Wednesday, January 22, 2014

The Middle Ground

CHIP OF WISDOM:

Proverbs 22, Verse 1

"If you must choose, take a good name rather than great riches;
for to be held in loving esteem is better than silver and gold."

---

CHIPPED WISDOM:

I'm learning to accept that I'm a man of extremes.  

And it's rather annoying, because I don't often practice what I preach.  (Who does, right?  Certainly not preachers.)  When I advise others, it's often with words and tone and timbre that stink of conciliation, smoothing things over, reasoning, rationality, compromise.  When talking to others about their problems and their conflict, I'm much more comfortable steering others towards that middle ground.  I like the middle ground-- for others, it's fine-- it's soft and grassy, cool and clean.  You can walk upon it barefoot or shod only in socks, and you'll be okay.  Sure, there might be a pebble or two, but they're small and round.  You won't get a blister walking along a path on the middle ground.

In my own life, though, I'd lose my way blindly crashing around through thorny bush and terror tree such that, if I ever tried to find the middle ground, I'd probably die trying to get there.  And it'd be ugly.  I'm either here, or quite a far ways over there.  There's nobody that I tolerate, accept, who's just, you know: there.  I either love you, or I'd sooner take a shit in your mailbox and kick you in the throat.  

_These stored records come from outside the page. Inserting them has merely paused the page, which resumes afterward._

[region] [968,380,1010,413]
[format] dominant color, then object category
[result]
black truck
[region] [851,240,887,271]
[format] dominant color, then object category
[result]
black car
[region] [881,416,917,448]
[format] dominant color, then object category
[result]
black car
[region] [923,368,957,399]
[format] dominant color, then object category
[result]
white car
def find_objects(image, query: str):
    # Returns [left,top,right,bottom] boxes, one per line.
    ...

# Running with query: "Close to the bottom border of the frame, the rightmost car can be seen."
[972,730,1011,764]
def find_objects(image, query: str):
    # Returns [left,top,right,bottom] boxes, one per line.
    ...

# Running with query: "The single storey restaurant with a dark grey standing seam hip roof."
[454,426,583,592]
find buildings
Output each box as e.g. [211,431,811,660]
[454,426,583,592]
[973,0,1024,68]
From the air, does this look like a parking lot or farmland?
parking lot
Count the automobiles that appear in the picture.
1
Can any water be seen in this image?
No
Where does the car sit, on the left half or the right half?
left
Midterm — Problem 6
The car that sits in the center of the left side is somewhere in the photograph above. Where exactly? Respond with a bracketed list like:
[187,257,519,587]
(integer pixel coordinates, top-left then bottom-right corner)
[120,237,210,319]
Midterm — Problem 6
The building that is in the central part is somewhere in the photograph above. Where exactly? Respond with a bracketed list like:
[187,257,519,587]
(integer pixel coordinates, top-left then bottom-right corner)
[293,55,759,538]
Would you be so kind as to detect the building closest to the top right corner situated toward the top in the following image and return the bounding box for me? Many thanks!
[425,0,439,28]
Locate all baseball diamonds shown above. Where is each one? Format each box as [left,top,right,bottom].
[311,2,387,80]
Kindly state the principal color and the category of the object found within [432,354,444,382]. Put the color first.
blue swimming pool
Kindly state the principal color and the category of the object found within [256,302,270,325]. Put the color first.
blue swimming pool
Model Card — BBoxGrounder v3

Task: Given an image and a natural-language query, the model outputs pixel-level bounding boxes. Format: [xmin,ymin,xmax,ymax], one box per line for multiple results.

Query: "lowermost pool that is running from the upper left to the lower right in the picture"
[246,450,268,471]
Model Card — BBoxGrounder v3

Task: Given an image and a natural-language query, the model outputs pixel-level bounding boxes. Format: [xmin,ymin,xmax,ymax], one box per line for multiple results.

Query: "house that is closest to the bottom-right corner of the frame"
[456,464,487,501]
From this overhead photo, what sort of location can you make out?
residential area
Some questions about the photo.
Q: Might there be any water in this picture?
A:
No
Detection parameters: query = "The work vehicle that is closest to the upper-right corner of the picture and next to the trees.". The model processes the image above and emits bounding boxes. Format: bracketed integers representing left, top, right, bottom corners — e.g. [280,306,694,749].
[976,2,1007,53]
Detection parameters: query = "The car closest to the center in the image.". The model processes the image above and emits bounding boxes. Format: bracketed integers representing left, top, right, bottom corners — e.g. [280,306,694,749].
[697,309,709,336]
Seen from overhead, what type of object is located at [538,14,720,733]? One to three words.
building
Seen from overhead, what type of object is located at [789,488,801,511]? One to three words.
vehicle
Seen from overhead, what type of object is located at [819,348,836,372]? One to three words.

That's, well, that's me.  Mister Prince Charming.  Got me LOTS of dates in high school.

My extremes are often in conflict with one another.  They don't make sense.  For instance, take the opinions of others.  Now, you'd think that someone who so rigidly categorizes people would have a pretty easy time dismissing the opinions of the mail-box-shit, throat-kick crew, and focus solely on the thoughts and feelings of the people whom I love, but you'd be wrong.  I vacillate between not giving a shit what anybody thinks about anything I say or do or think or wear or eat, to being wildly obsessed with it.  If I know that somebody is angry with me, or doesn't like me, well, that's pretty much all consuming for me.

I can't help it.  Of course, neither can preachers, apparently.

And I'm not quite sure why it's this way with me.  I was never taught to conform by my parents, never instructed to do this or that, hold my knife this way, comb my hair that way so that others wouldn't think I was a freak/gay/retarded/untoward/pro-simian/incompetent/priggish/equine.  They let me do whatever I wanted and, I suppose, if there were some negative social repercussions, they expected that I would deal with it/them.  If I had some bright idea to dress up like a nun with my friend and run around our elementary school's track while my father video-taped it, he was right there with the camera, no questions asked.  Though, looking back on it, I'm not sure he'd know which questions to ask.  

About... that.

And I wonder, sometimes, who I'd be if I were a little bit less concerned with the thoughts and feelings of others.  While my parents never taught me to give that much thought, I, evidently, somehow, taught myself.  I developed some idea that, if I was #1, that this was somehow bad, sinful, arrogant, unkind.  Un-Christian.  Yes, I worry about being un-Christian.  Is that wrong?  William Blake said, "The most sublime act is to put another before you."  And maybe I bought into that a little too much.  Maybe just hook and line would have been enough.  

Because, sometimes, I feel like I'm a sinker.  Dipping below the surface of others' stares and thoughts and perceptions and my perceptions of their perceptions and the hairs on the back of my neck responding to their potential looks of disdain.

I don't know.  

It's exhausting.  So, of course, is anxiety, and insecurity feels a lot like anxiety, and it's a component thereof many times.  "What are they thinking about me?  Did what I say come off like I think it did?"  "Did I forget to zip up my fly?"  "Did I forget to put my penis back in my pants?"  "Does this open fly make my penis look fat?"  You know how it is.  There's a lot going on in this little hamster wheel upstairs.  

And, as you know, it's a very un-Christian hamster wheel.